As mulheres vítimas de violência no estado de São Paulo contam com uma rede integrada de serviços que oferece acolhimento, segurança e suporte financeiro para romper o ciclo de abusos. Essa estrutura abrange desde canais rápidos de denúncia até o monitoramento constante de agressores e projetos de assistência social, permitindo que as vítimas encontrem apoio em diferentes fases de sua jornada de proteção e retomada da autonomia.

Para garantir a integridade física das vítimas, o estado adota o monitoramento de agressores por meio de tornozeleiras eletrônicas, assegurando que as medidas protetivas decretadas pela Justiça sejam rigorosamente cumpridas. Na palma da mão, as mulheres têm acesso ao aplicativo SP Mulher Segura, plataforma que permite o registro de boletins de ocorrência, o cadastro de pessoas de confiança para redes de apoio e o acionamento emergencial de um “Botão do Pânico” para aquelas que possuem medidas protetivas. O policiamento também foi reforçado com a Patrulha Mulher Segura, que realiza visitas preventivas e acompanha de perto os casos de maior risco, e com a Cabine Lilás, um serviço telefônico especializado da Polícia Militar que funciona 24 horas pelo número 190, com policiais treinadas para prestar um atendimento humanizado e ágil.
O acolhimento presencial foi planejado para evitar o desgaste emocional de ter que repetir o relato da agressão em vários órgãos. Nas delegacias, Unidades Básicas de Saúde (UBS) e postos do Instituto Médico Legal (IML), a Sala Lilás garante privacidade e conforto durante exames e orientações jurídicas.

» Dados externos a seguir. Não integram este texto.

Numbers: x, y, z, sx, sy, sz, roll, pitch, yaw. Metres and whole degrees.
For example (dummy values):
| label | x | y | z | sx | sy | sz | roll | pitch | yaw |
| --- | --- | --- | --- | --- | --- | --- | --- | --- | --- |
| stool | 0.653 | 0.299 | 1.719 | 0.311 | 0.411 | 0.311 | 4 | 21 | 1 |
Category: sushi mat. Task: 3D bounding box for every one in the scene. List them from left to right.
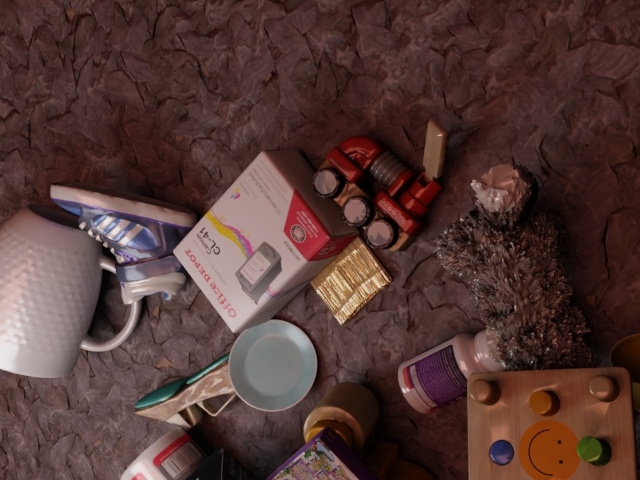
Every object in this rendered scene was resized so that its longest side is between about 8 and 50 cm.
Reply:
| label | x | y | z | sx | sy | sz | roll | pitch | yaw |
| --- | --- | --- | --- | --- | --- | --- | --- | --- | --- |
| sushi mat | 0.000 | 0.000 | 1.842 | 0.151 | 0.019 | 0.316 | -44 | 75 | 29 |

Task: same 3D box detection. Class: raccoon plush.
| label | x | y | z | sx | sy | sz | roll | pitch | yaw |
| --- | --- | --- | --- | --- | --- | --- | --- | --- | --- |
| raccoon plush | 0.307 | 0.090 | 1.464 | 0.216 | 0.446 | 0.299 | -24 | 72 | 17 |

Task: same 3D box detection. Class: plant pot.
| label | x | y | z | sx | sy | sz | roll | pitch | yaw |
| --- | --- | --- | --- | --- | --- | --- | --- | --- | --- |
| plant pot | 0.543 | 0.228 | 1.516 | 0.134 | 0.134 | 0.095 | 7 | 127 | 29 |

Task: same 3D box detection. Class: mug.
| label | x | y | z | sx | sy | sz | roll | pitch | yaw |
| --- | --- | --- | --- | --- | --- | --- | --- | --- | --- |
| mug | -0.585 | 0.116 | 2.076 | 0.374 | 0.276 | 0.328 | 21 | 97 | -6 |

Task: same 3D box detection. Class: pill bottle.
| label | x | y | z | sx | sy | sz | roll | pitch | yaw |
| --- | --- | --- | --- | --- | --- | --- | --- | --- | --- |
| pill bottle | -0.262 | 0.571 | 1.982 | 0.318 | 0.176 | 0.176 | 46 | 117 | 10 |
| pill bottle | 0.246 | 0.232 | 1.685 | 0.193 | 0.108 | 0.108 | -32 | 81 | 30 |

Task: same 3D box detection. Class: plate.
| label | x | y | z | sx | sy | sz | roll | pitch | yaw |
| --- | --- | --- | --- | --- | --- | --- | --- | --- | --- |
| plate | -0.097 | 0.256 | 1.904 | 0.188 | 0.024 | 0.188 | -2 | 79 | 11 |

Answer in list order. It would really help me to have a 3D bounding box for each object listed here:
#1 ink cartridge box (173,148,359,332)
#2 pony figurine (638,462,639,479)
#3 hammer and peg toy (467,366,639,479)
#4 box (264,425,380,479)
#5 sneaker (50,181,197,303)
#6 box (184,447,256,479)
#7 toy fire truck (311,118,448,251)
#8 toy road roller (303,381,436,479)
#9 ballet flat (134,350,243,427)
| label | x | y | z | sx | sy | sz | roll | pitch | yaw |
| --- | --- | --- | --- | --- | --- | --- | --- | --- | --- |
| ink cartridge box | -0.109 | 0.001 | 1.819 | 0.306 | 0.131 | 0.226 | -45 | 75 | 25 |
| pony figurine | 0.524 | 0.472 | 1.469 | 0.364 | 0.303 | 0.350 | 5 | 76 | 9 |
| hammer and peg toy | 0.339 | 0.374 | 1.390 | 0.266 | 0.127 | 0.361 | -6 | 73 | 27 |
| box | 0.040 | 0.499 | 1.646 | 0.293 | 0.057 | 0.201 | 46 | 112 | 2 |
| sneaker | -0.433 | 0.018 | 1.974 | 0.323 | 0.130 | 0.236 | 13 | 99 | -5 |
| box | -0.127 | 0.630 | 1.748 | 0.212 | 0.293 | 0.395 | -43 | 95 | -3 |
| toy fire truck | 0.130 | -0.128 | 1.686 | 0.217 | 0.158 | 0.246 | 45 | 104 | 17 |
| toy road roller | 0.106 | 0.448 | 1.753 | 0.241 | 0.202 | 0.329 | 1 | 104 | 18 |
| ballet flat | -0.273 | 0.343 | 2.006 | 0.316 | 0.107 | 0.106 | -29 | 96 | 30 |
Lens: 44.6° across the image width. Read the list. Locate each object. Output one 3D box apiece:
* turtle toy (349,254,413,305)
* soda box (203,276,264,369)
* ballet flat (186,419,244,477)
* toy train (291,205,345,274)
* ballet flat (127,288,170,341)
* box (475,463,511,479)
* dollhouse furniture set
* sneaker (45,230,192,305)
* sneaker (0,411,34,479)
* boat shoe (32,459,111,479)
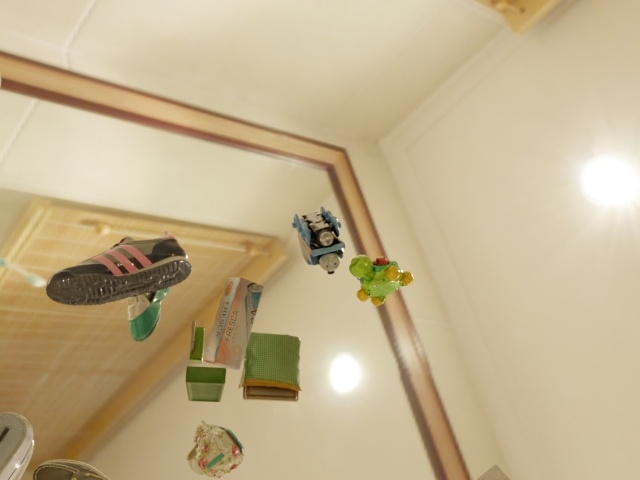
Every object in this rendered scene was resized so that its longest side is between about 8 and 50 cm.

Para alcançar locais mais distantes e periferias, o Ônibus SP Por Todas leva serviços itinerantes de assistência social e psicologia diretamente aos municípios paulistas. Já o Circuito Integrado de Proteção às Mulheres atua como uma unidade móvel completa e sigilosa que reúne, no mesmo espaço físico, psicólogos, policiais, defensores e promotores, agilizando o registro de ocorrências, a concessão de medidas protetivas urgentes e até cursos de capacitação profissional.


A segurança urbana e a independência financeira também são focos das políticas públicas do estado. Para proteger mulheres desacompanhadas que esperam transporte público durante a noite, o projeto Abrigo Amigo instala painéis digitais com câmeras, microfones e internet em pontos de ônibus na capital. Das 20h às 5h, as passageiras podem iniciar videochamadas com uma central de atendimento para conversar e monitorar a movimentação ao redor enquanto aguardam sua condução. Pensando no momento em que a vítima precisa sair de casa para se proteger, o governo paulista oferece um Auxílio-Aluguel de R$ 500 mensais para mulheres com medidas protetivas em situação de vulnerabilidade, dando a elas o suporte necessário para recomeçar. Por fim, o Protocolo Não Se Cale atua na prevenção dentro de ambientes de lazer, capacitando funcionários de bares, restaurantes e casas noturnas para identificar assédios, acolher vítimas e acionar as autoridades de forma rápida e segura.